1. Field of the Invention
The present invention relates to 3D-inkjet printing methods and suitable inkjet fluid sets. More specifically the present invention relates to the making of 3D-objects and flexographic printing forms.
2. Description of the Related Art
In inkjet printing, tiny drops of ink or fluid are projected directly onto a receiver surface without physical contact between the printing device and the ink-receiver. The printing device stores the printing data electronically and controls a mechanism for ejecting the drops image-wise. Printing is accomplished by moving a print head across the ink-receiver or vice versa or both.
Flexography is commonly used for high-volume runs of printing on a variety of supports such as paper, paperboard stock, corrugated board, films, foils and laminates. Packaging foils and grocery bags are prominent examples. Flexographic printing forms are today also made by digital imaging, which includes not only laser recording on flexographic printing form precursors, but also inkjet printing as disclosed, for example, in EP 1449648 A (KPG), EP 1428666 A (AGFA) and US 2006055761 (AGFA).
Three-dimensional inkjet printing is a relatively speedy and flexible printing method for the production of prototype parts, tooling and rapid manufacturing of three-dimensional complex structures directly from a CAD file.
Radiation curable compositions for use in three-dimensional printing methods of complex structures are disclosed by WO 2004/096514 (OBJET GEOMETRIES).
U.S. Pat. No. 5,387,380 (MIT) and U.S. Pat. No. 6,036,777 (MIT) disclose methods for forming three-dimensional images, to be used in “rapid prototyping”, wherein the method includes the steps of (i) depositing a first layer of a powder material in a confined region, (ii) depositing a binder material to selected regions of the layer of powder material to produce a layer of bonded powder material at selected regions, (iii) repeating steps (i) and (ii) a selected number of times to produce successive layers of selected regions of bonded powder so as to form the desired prototype. The unbounded powder material is then removed.

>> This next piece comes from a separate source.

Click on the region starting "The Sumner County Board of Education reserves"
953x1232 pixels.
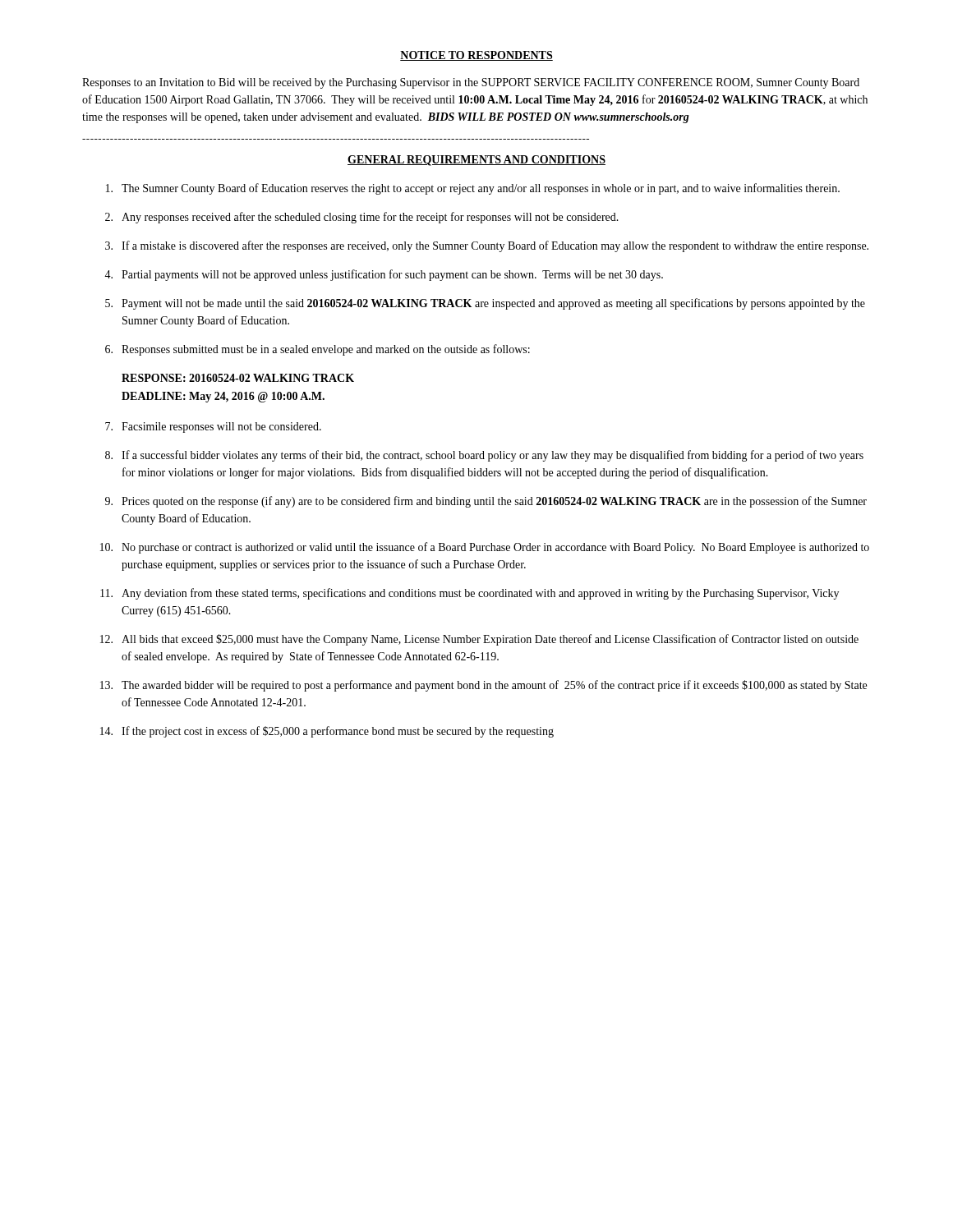(x=476, y=188)

Three-dimensional objects have been made which exhibit different colours, but usually all 3D-objects have uniform physical properties for, e.g., hardness or elasticity. In EP A (AGFA) advantages are high-lighted for preparing flexographic printing plates by printing two materials with different elasticity or hardness on a receiving layer. However, problems, such as insufficient adhesion and defects in image quality, can be observed in changing from a “soft, elastic” inkjet ink to a “hard, inelastic” inkjet ink or vice versa. A compromise can then usually be found in changing, for example, the “soft, elastic” inkjet ink to a harder and less elastic inkjet ink, but resulting in the fact that the maximal soft and elastic properties are not attained.

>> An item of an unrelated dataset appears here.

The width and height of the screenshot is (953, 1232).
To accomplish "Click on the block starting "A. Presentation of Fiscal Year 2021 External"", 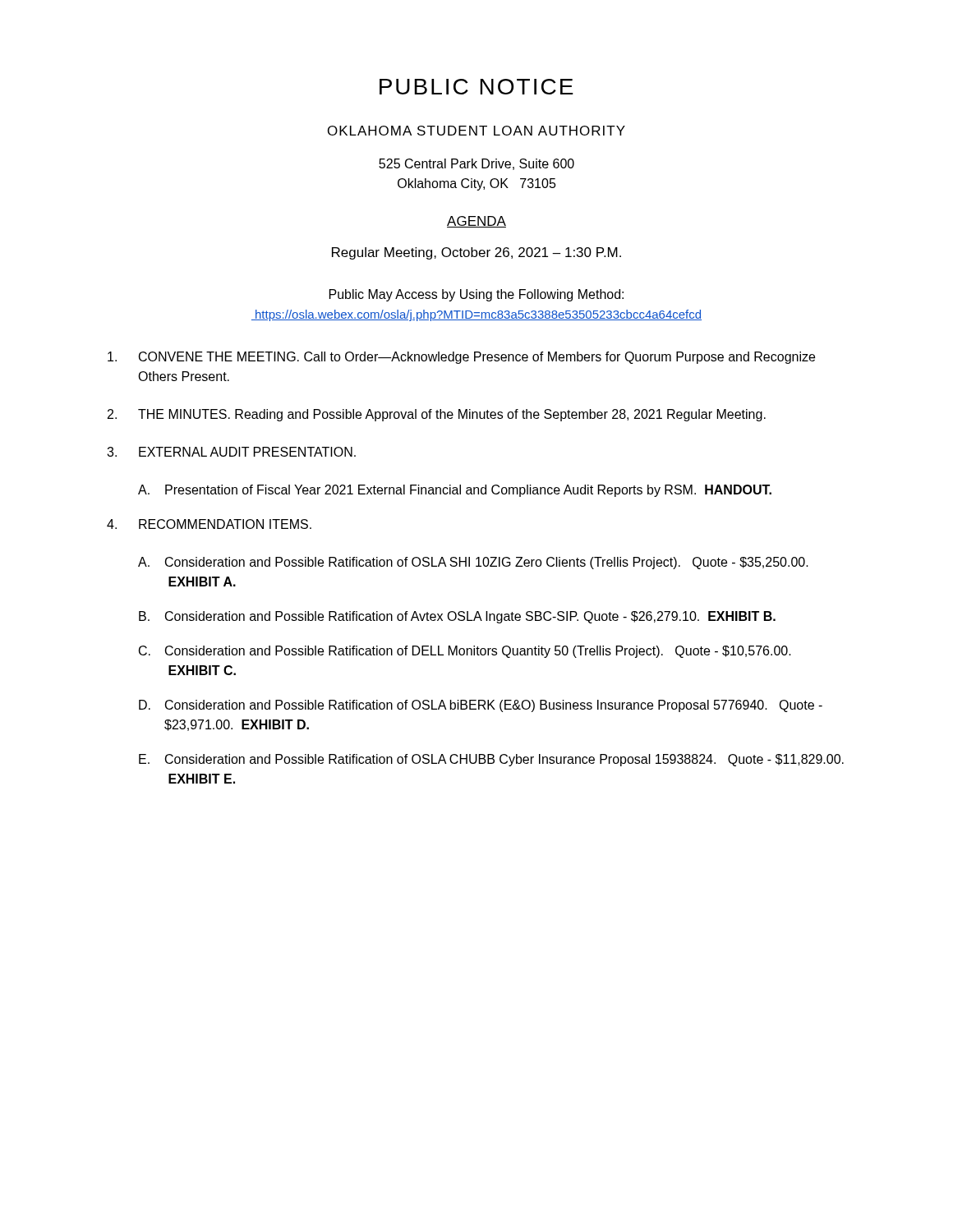I will pos(492,490).

A change in hardness of the top layer of a flexographic printing plate is generally desirable for obtaining a good printing quality when a change in the type of support to be printed upon occurs. One way to approach this is to develop and replace the inkjet fluid or ink used in the printer and print head by a more appropriate inkjet fluid or ink. However, changing of inkjet fluid or ink tends to be very time consuming and is not really a viable solution for an industrial printing environment.
It would be desirable to be able to prepare three-dimensional objects and flexographic printing forms wherein the physical properties, such as flexibility, hardness and elongation at break, can be easily altered without causing problems of adhesion and image quality or without a time-consuming replacement of an inkjet fluid or ink.